On the 2/1 schedule, because none of the three patients experienced DLT at initial doses of 10 mg/day, the dose escalation proceeded to 16 mg/day. Two of the three patients in the 16 mg cohort experienced DLT (one grade 3 fatigue and one grade 3 hypertension). Therefore, the MTD had been exceeded, and the next lower dose of 12 mg/day was further evaluated by entering additional patients. None of the initial three patients experienced grade 3/4 adverse events. On the basis, 12 mg once daily was selected for the expanding study.

A total of 21 patients received the 12 mg/day dose on the 2/1 schedule. During the first 2 cycles, all the patients experienced an adverse event of any causality. All the hematologic toxicities were mild. As illustrated in Table 2, the most common non-hematologic adverse events were hypothyroidism, triglyceride elevation, total cholesterol elevation, ALT elevation, diarrhea, and proteinuria. During the first 2 cycles, a total of two patients (10 %) experienced grade 3 adverse events (one triglyceride elevation and one lipase elevation). During all treatment cycles, there were six patients (29 %) with grade 3/4 adverse events. The most common (>5 %) non-hematologic grade 3 adverse events were hypertension, triglyceride elevation, hand-foot skin reaction, and lipase elevation.

According to the RECIST 1.1 criteria, 19 patients had target lesions and one patient with multiple small lung metastases had non-target lesions. Among the 20 patients whose response can be assessed, 3 patients (15 %) had PR; 14 patients (70 %) maintained SD including 12 patients with tumor burden shrinkage, and 3 patients (15 %) had progressive disease (PD) (Additional file 1: Figure S1). PR was observed in the following tumor type: two renal carcinoma and one soft tissue sarcoma. In the current phase I study, other tumor types that responded to anlotinib included medullary thyroid carcinoma, non-small cell lung cancer, colorectal cancer, melanoma, thymic carcinoma, and adenoid cystic carcinoma (Fig. 1).
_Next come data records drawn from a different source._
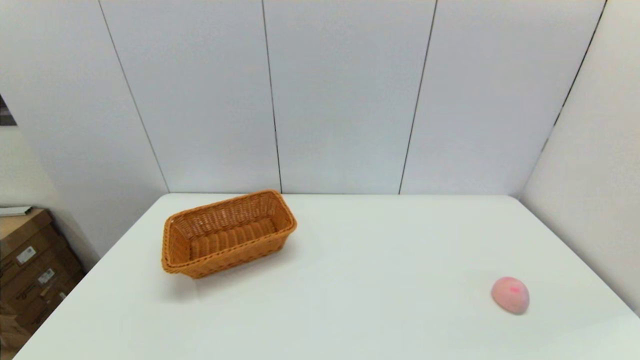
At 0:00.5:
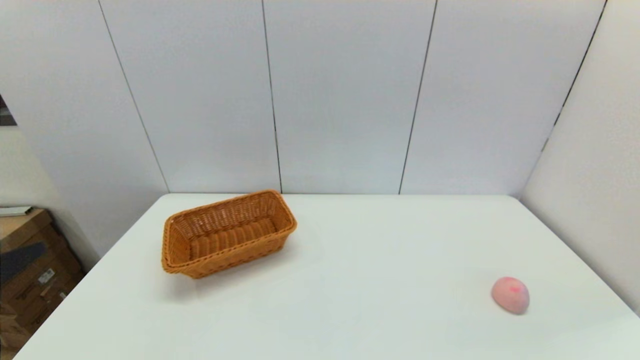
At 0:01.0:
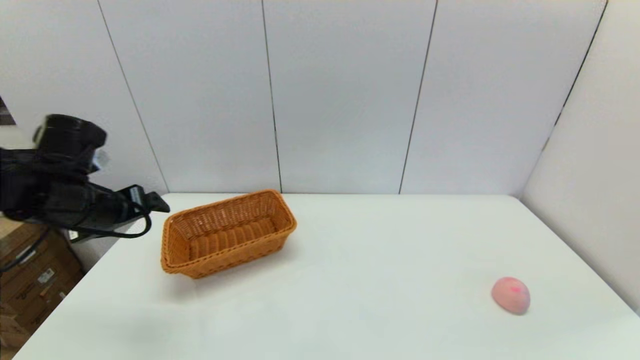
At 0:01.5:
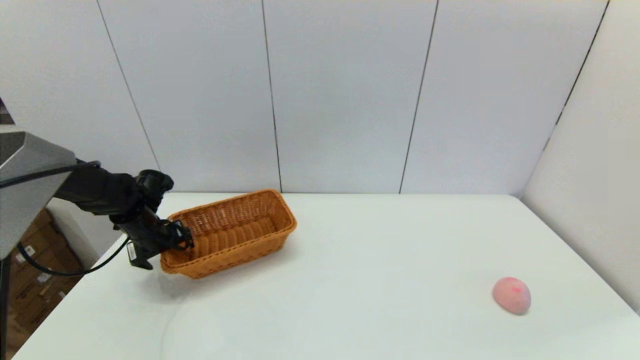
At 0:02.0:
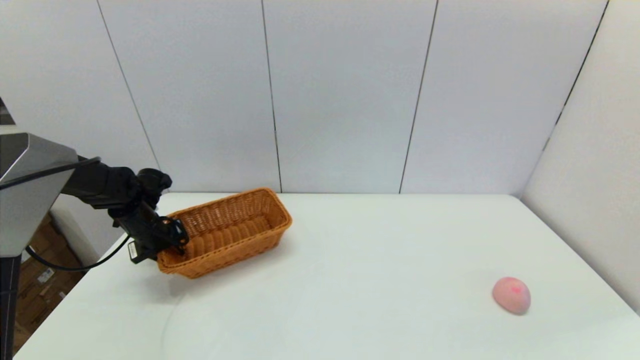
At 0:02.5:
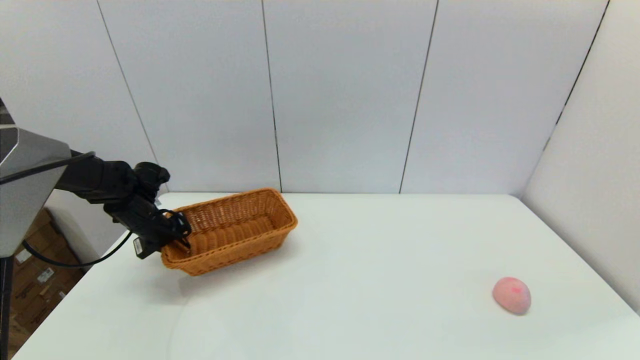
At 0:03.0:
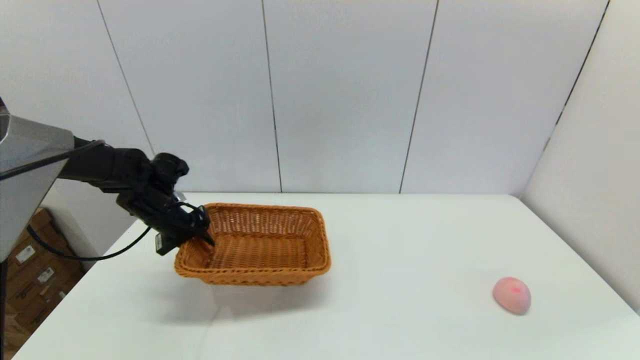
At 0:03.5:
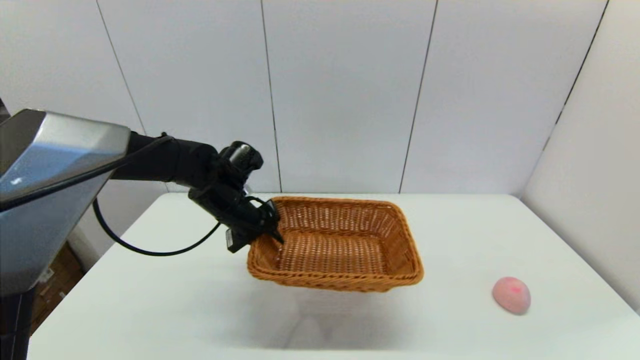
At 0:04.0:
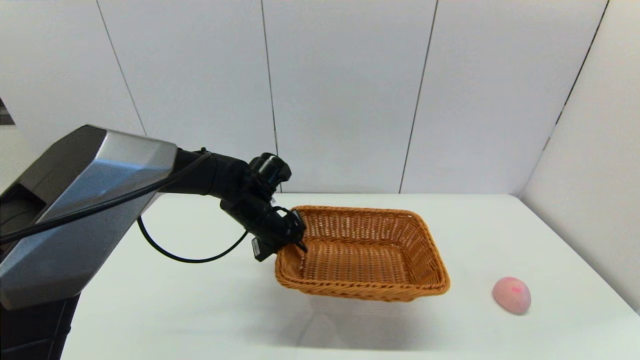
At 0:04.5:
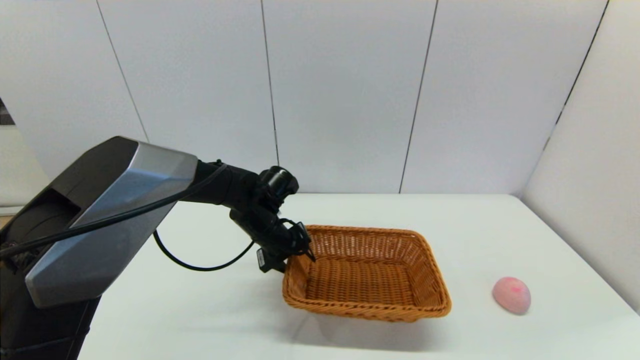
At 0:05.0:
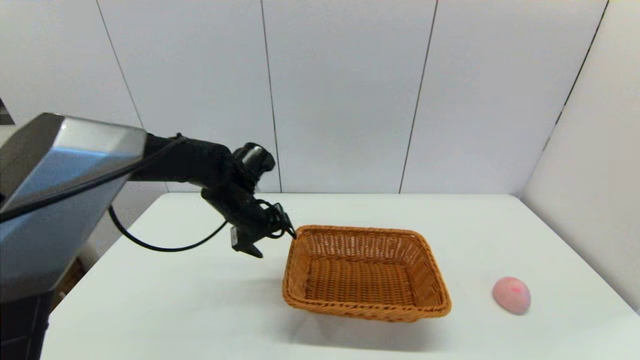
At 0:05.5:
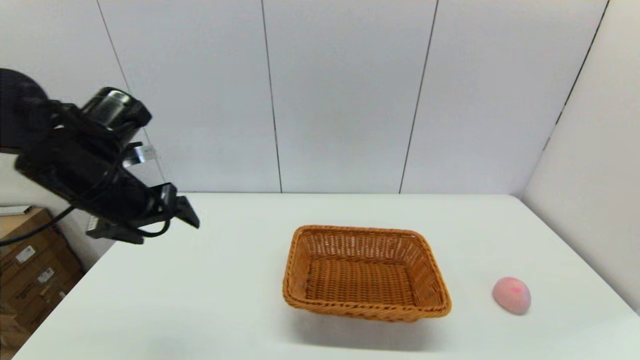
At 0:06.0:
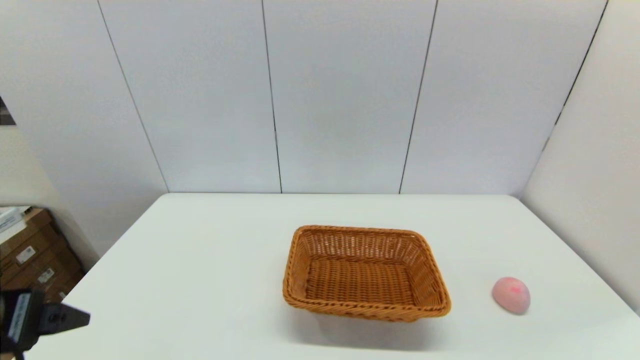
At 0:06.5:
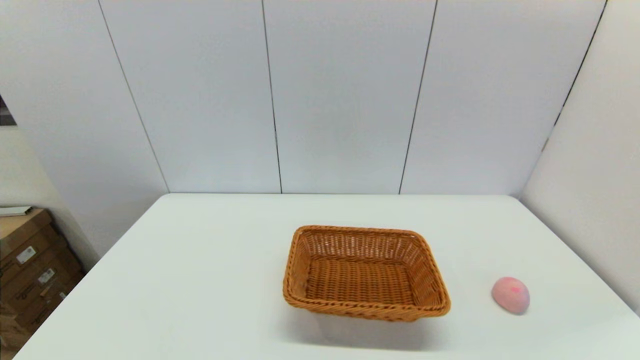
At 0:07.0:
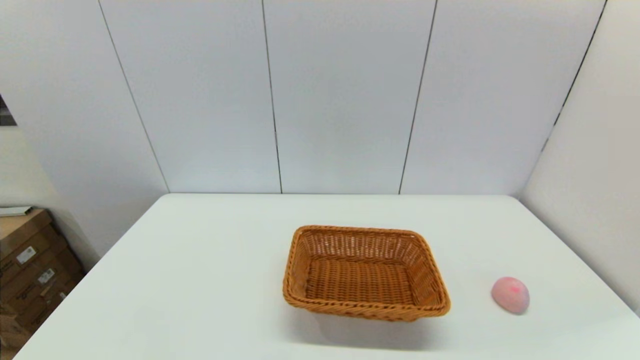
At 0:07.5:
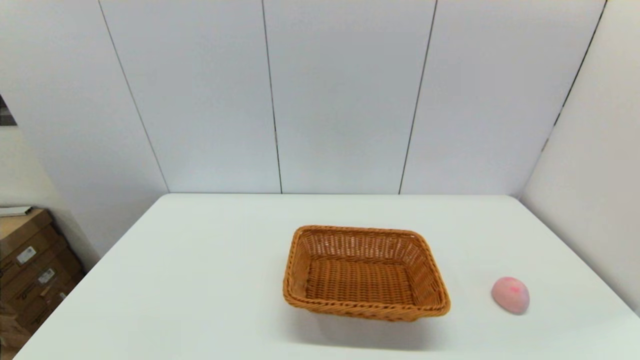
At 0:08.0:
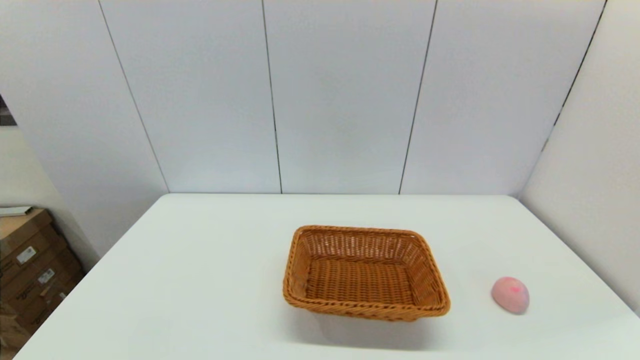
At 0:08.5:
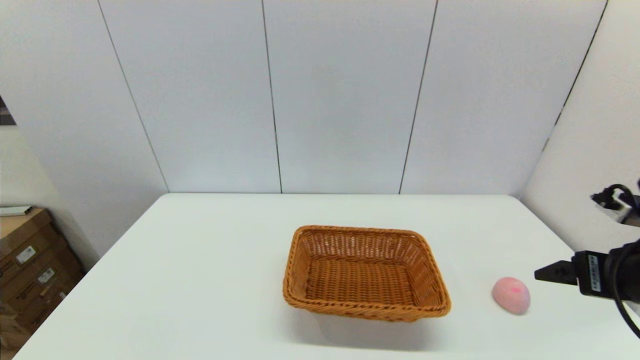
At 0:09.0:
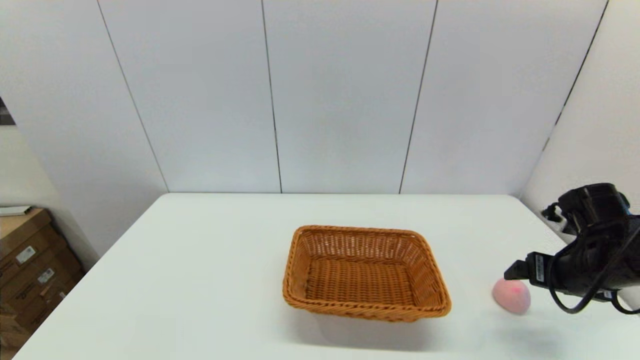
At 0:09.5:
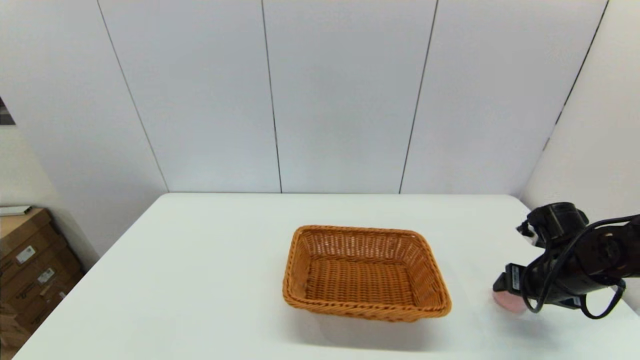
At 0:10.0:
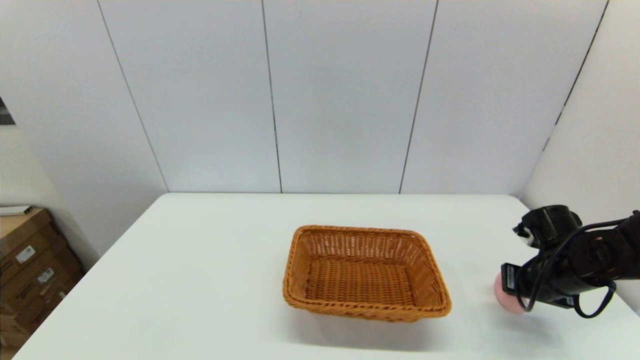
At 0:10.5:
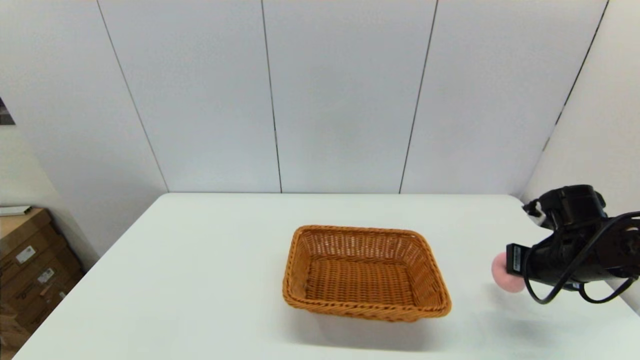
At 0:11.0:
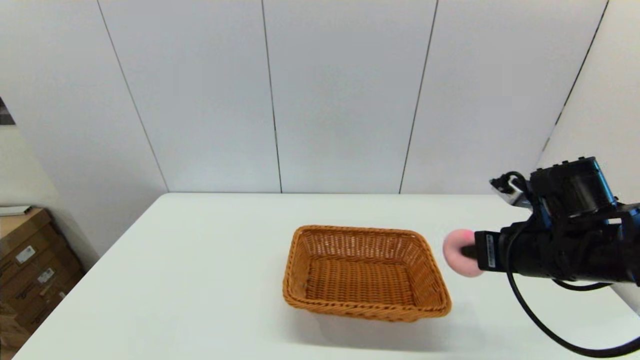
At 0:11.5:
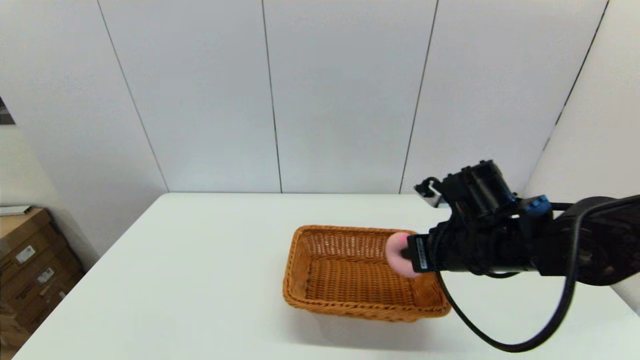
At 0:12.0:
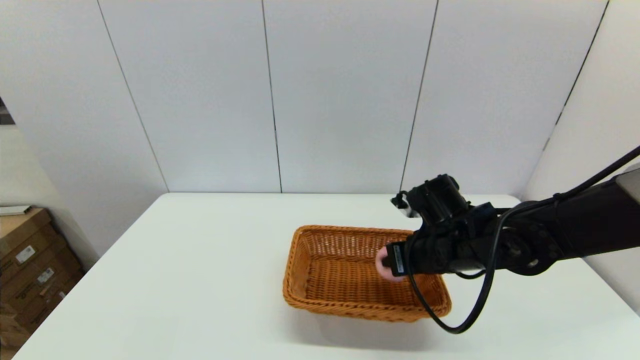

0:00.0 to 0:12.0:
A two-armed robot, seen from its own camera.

The median administration duration was 24 weeks. Twenty-four, sixteen, and nine patients had received anlotinib for over 12, 24, and 72 weeks, respectively. Furthermore, the treatment duration had exceeded 100 weeks in three patients (Fig. 2).

The mean plasma level-time curve of anlotinib after a single oral administration at 5, 10, 12, or 16 mg/subject is shown in Fig. 3. The associated plasma PK parameters are summarized in Table 3. Anlotinib exhibited rapid intestinal absorption. This was indicated by its plasma concentration, which significantly increased at 1 h after dosing in most patient subjects (Fig. 3). The levels of systemic exposure to anlotinib (C _max and AUC_0–120h) tended to increase as the dose level increased from 5 mg anlotinib/person to 16 mg anlotinib/person, but the dose proportionality was inconclusive (Table 3). Anlotinib reached its maximum plasma concentration with T _max of 4–11 h after dosing, then it eliminated slowly with t _1/2 of 64–136 h and MRT of 124–167 h. The renal excretion of anlotinib was poor, with a CL_R of 0.004 L/h/kg; the fraction of the dose excreted into urine (f _e − U ) was ~0.9 %.
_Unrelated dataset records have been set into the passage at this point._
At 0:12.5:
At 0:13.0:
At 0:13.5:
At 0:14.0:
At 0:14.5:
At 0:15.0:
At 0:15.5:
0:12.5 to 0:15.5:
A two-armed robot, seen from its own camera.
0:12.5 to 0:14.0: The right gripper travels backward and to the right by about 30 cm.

Notably, anlotinib exhibited a quite long t _1/2 (96 ± 17 h), which appeared to be dose-independent. The long t _1/2 resulted in significant accumulation of plasma anlotinib over time with a mean R _ac of 12 ± 7, suggesting drug accumulation over time (Fig. 3). The trough plasma concentration-time curve of anlotinib after treatment of anlotinib at 10, 12, or 16 mg/subject in the 2/1 schedule is depicted in Fig. 3. A 2-week subchronic dosing brought about continuously increased plasma concentration of anlotinib in patients, while its maximum plasma concentration was reached at day 14. Subsequently, the plasma level of anlotinib was apparently decreased with a 7-day washout until the beginning of the other treatment cycle.